Jonathan Simon, a professor of criminal procedure at the University of Miami law school, said the law in Florida and other states with similar sentencing mechanisms in capital cases probably will need to be rewritten to pass constitutional muster. “Voters around the country, whether they like it or not, are going to be confronted with what they want to do about the death penalty.”

“The 300-plus cases on Florida’s death row could very well be commuted to life or sent back for some kind of new sentencing process,” Simon said. “Either way, that’s a very dramatic development.”

Of the states potentially affected by the U.S. Supreme Court’s decision, Florida has the largest number of inmates sentenced to die. And any decision it makes could fuel a trend. “It looks like the public has strong support for the death penalty,” Daniels said. “But in light of recent revelations about the fairness of the system, people are saying they want this looked at more closely.”
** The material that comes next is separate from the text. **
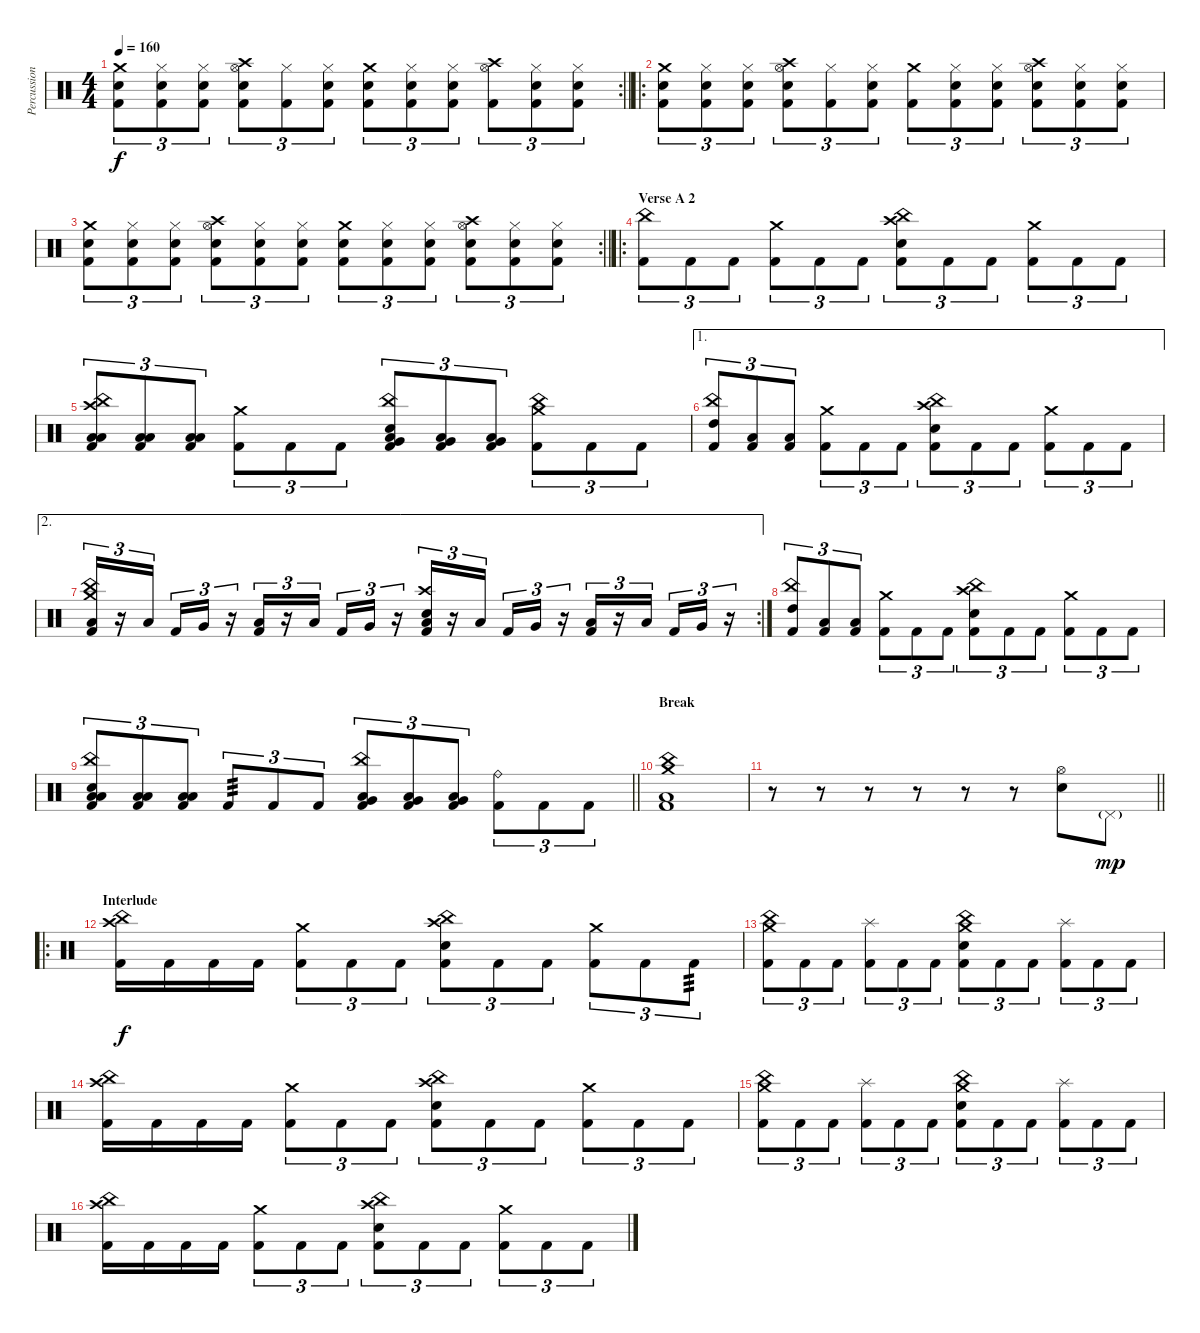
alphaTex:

Twenty-one people have been released from Florida’s death row because DNA or other evidence cast strong doubt on their convictions, said Michael Radelet, a professor of sociology and a specialist on capital punishment at the University of Colorado. In 166 instances, he said, Florida judges have disregarded a jury’s recommendation and imposed a death sentence. Four such convicts have been executed.

Chief Justice Charles T. Wells was the sole member of the Florida Supreme Court to vote against staying this week’s scheduled executions, objecting that the Ring decision “deals with Arizona.” Wells noted that last week the U.S. Supreme Court itself declined to hear Bottoson’s arguments that he should not be executed and lifted an earlier stay of execution issued for him.